**TASK GOAL:** For each line in the records that contains "name", make a copy.

==== STORED DATA ====

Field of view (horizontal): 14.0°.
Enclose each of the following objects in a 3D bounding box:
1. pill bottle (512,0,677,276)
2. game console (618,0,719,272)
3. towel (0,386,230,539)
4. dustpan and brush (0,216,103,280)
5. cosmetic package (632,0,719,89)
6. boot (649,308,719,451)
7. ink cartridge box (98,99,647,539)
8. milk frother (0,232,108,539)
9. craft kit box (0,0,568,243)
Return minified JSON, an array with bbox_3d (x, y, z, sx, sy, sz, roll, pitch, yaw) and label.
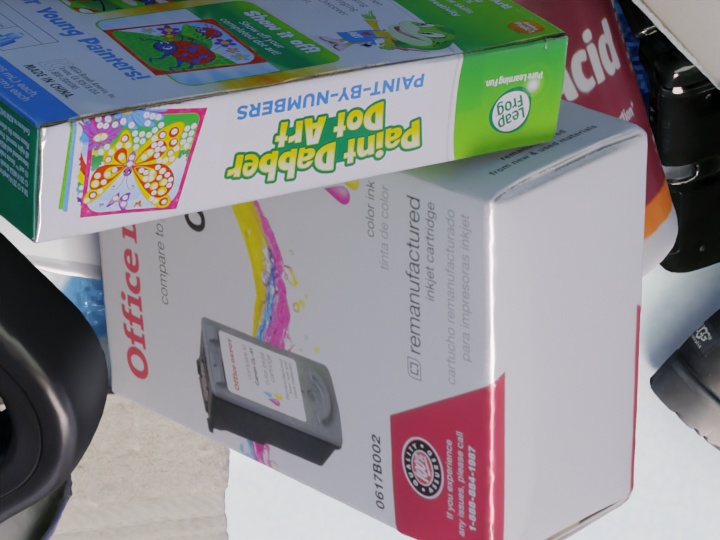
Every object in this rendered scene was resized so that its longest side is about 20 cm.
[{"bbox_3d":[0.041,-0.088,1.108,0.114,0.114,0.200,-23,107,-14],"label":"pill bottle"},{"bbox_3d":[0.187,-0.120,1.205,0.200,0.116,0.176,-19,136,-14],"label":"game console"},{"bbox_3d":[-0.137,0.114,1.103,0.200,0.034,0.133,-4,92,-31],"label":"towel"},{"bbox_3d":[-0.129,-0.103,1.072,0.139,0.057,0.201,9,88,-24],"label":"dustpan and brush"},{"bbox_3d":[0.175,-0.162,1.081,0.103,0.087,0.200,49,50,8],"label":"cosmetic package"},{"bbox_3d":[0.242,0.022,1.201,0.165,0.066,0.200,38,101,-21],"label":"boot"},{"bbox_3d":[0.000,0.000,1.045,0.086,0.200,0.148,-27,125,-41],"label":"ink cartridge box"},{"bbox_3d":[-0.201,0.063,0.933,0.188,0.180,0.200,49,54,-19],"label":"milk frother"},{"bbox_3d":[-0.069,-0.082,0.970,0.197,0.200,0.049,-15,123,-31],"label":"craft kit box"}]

====
==== STORED DATA ====

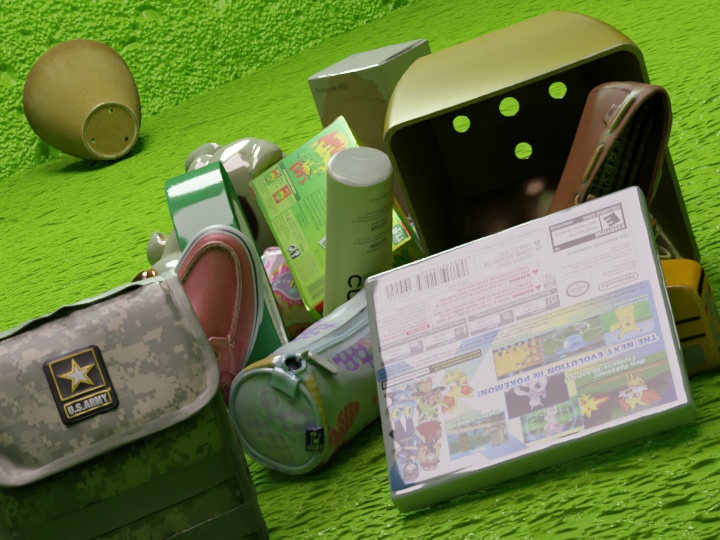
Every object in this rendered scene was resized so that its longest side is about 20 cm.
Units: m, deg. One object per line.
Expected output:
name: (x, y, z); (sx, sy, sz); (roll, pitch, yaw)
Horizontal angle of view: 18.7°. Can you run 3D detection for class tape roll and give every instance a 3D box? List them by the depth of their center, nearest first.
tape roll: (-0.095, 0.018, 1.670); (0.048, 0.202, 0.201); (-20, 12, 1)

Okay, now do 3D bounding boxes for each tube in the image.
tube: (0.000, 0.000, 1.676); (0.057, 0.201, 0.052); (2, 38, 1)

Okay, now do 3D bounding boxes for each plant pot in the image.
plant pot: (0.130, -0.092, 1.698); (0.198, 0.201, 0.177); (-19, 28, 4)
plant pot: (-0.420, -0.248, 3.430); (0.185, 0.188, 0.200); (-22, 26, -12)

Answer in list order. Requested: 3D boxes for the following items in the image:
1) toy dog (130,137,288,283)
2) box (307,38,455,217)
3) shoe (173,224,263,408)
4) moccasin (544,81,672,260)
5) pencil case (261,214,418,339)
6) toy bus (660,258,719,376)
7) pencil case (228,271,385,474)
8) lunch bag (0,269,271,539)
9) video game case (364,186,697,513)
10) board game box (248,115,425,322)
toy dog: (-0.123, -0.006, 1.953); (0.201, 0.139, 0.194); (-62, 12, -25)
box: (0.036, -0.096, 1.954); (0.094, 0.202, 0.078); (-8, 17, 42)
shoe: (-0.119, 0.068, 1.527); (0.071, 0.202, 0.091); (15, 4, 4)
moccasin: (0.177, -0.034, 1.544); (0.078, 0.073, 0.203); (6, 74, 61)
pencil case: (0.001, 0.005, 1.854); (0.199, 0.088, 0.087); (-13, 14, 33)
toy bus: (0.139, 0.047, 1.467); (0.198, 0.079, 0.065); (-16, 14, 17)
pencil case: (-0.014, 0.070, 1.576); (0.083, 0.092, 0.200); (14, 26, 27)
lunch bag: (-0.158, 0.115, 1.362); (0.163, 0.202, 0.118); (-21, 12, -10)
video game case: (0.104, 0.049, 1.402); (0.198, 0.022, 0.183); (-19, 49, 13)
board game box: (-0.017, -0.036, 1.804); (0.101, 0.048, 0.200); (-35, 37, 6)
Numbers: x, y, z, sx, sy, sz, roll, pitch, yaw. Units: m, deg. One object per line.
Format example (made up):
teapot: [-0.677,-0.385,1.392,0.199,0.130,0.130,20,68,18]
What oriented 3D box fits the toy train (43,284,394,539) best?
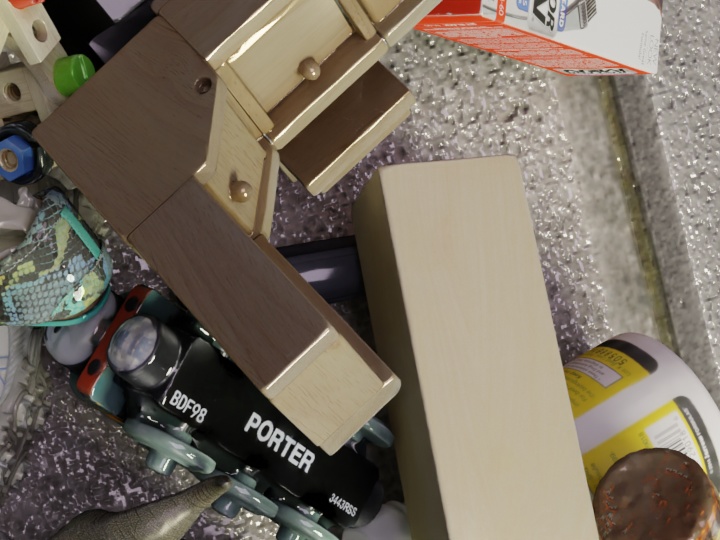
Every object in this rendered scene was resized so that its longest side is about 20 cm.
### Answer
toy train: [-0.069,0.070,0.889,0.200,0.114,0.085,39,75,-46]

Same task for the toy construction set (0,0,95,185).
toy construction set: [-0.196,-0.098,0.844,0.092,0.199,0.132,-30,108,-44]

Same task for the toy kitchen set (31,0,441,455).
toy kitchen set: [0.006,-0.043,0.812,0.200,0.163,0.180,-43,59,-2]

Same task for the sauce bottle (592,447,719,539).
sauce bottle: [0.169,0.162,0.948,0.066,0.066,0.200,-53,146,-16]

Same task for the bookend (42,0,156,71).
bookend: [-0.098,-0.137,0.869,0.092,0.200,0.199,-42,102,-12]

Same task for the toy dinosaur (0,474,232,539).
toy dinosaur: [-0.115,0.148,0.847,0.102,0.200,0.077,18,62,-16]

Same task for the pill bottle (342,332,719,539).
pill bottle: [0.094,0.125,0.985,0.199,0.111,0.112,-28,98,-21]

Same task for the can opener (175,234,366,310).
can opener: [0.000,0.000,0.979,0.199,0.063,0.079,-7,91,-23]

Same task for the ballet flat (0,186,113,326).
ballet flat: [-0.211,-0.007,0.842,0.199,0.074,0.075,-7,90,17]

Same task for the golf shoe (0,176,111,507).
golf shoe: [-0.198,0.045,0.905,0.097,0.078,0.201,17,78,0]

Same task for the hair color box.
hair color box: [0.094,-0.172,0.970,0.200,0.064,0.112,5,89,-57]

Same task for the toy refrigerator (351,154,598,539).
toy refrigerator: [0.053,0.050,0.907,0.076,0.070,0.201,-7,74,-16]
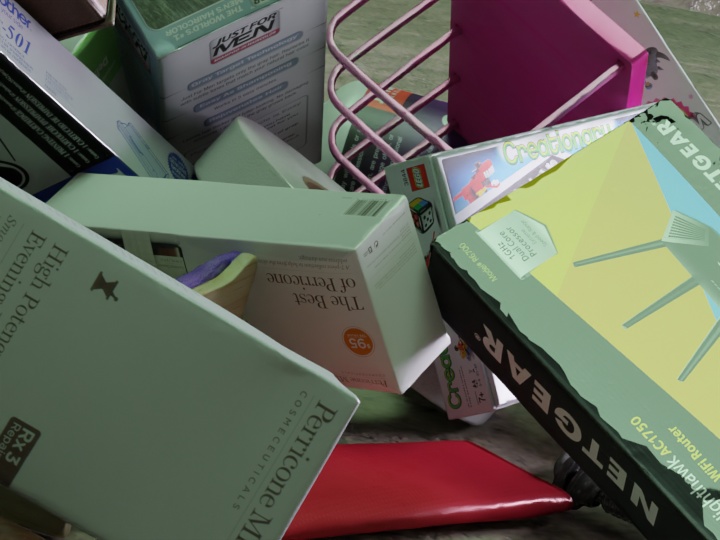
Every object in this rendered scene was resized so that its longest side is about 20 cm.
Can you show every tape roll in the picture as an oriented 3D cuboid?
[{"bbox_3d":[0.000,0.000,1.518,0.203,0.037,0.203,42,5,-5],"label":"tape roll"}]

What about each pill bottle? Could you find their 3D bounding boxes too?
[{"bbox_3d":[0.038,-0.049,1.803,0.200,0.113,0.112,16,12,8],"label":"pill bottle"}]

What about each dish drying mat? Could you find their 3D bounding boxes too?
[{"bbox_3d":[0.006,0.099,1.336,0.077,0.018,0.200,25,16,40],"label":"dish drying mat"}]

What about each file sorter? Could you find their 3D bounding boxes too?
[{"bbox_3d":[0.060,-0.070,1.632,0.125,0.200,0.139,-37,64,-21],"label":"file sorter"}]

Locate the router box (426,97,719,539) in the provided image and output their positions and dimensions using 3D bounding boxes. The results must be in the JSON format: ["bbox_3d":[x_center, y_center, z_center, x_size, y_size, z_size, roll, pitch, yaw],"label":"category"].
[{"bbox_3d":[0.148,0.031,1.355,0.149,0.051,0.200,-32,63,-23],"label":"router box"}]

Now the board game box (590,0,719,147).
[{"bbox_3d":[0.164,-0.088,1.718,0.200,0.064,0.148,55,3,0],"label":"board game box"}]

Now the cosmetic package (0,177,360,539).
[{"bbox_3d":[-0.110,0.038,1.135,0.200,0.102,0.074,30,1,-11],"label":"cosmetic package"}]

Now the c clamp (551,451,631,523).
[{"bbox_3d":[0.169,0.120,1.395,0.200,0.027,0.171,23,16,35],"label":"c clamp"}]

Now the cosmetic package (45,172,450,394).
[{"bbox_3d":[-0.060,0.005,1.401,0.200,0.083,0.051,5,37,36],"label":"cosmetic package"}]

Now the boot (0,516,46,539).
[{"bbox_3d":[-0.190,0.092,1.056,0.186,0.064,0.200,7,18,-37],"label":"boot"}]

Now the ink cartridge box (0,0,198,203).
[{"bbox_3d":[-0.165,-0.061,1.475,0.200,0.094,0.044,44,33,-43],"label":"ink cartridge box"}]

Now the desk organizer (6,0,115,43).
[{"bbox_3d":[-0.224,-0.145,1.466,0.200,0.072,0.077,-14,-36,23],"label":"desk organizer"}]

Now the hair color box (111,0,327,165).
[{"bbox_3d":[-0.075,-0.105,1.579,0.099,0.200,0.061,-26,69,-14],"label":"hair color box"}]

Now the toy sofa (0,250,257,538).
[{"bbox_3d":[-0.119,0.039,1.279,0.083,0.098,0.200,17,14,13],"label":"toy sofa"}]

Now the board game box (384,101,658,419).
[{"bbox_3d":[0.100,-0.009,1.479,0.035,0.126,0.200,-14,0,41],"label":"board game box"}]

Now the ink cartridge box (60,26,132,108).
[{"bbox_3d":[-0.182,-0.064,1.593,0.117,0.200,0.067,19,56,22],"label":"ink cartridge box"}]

====
==== STORED DATA ====

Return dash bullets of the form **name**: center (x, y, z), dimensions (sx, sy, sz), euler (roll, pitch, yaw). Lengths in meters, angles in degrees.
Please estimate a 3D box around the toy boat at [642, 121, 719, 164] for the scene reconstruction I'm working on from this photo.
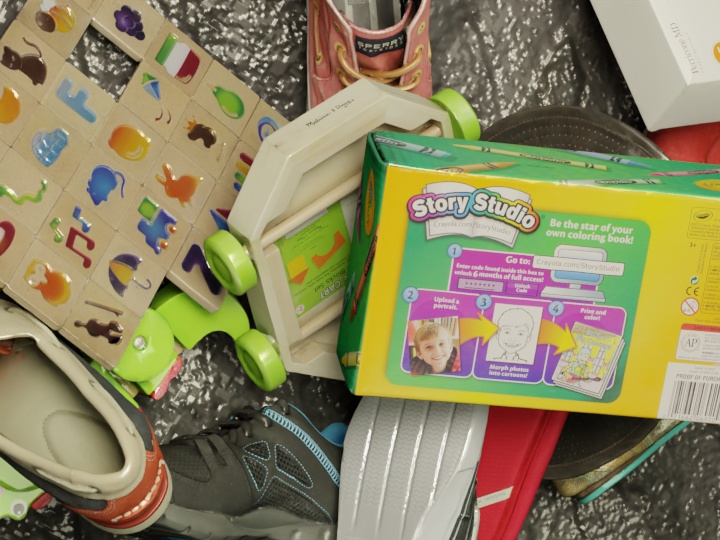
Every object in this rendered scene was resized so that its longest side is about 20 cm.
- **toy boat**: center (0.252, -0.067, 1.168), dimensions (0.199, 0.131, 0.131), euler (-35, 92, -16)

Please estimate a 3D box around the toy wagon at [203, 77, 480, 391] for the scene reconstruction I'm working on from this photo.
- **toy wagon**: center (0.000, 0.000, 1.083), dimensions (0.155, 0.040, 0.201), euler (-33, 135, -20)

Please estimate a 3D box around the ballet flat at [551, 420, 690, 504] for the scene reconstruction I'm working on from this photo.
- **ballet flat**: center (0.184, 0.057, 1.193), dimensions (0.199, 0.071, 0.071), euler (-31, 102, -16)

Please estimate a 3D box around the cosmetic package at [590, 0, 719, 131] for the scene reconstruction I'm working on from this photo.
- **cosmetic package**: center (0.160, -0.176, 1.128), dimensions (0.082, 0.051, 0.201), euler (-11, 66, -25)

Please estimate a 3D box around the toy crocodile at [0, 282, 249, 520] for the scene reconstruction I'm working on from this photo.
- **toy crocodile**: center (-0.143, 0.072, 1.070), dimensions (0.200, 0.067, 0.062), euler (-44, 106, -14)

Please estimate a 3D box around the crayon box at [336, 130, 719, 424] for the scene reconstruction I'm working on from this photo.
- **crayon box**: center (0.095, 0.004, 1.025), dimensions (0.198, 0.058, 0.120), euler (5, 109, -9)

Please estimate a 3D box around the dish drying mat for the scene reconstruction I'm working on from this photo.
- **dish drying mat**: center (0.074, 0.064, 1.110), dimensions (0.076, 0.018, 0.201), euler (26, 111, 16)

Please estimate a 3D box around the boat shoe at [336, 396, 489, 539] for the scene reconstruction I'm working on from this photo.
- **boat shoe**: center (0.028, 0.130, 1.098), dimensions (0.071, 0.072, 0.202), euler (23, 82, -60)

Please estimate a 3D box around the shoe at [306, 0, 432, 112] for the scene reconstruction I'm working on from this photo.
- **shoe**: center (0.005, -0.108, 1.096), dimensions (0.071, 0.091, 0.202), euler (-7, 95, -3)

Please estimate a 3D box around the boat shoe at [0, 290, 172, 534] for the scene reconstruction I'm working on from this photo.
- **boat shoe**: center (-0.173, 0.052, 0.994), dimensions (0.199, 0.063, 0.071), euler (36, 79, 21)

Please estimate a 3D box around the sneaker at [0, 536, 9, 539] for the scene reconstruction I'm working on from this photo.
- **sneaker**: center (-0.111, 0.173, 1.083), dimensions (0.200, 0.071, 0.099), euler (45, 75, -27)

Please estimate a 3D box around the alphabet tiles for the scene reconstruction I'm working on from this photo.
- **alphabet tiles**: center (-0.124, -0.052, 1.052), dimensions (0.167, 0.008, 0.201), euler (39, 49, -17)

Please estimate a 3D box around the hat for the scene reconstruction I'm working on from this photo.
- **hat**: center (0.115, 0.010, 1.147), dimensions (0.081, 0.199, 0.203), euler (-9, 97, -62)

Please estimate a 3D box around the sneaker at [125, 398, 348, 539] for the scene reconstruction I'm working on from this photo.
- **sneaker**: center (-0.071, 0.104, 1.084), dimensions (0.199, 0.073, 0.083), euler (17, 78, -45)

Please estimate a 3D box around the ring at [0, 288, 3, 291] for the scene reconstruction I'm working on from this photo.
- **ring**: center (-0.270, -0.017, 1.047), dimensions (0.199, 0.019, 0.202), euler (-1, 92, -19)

====

**YOUR RESPONSE:**
name: (x, y, z); (sx, sy, sz); (roll, pitch, yaw)
Return dash bullets of the form **name**: center (x, y, z), dimensions (sx, sy, sz), euler (roll, pitch, yaw). Lengths in meters, angles in degrees.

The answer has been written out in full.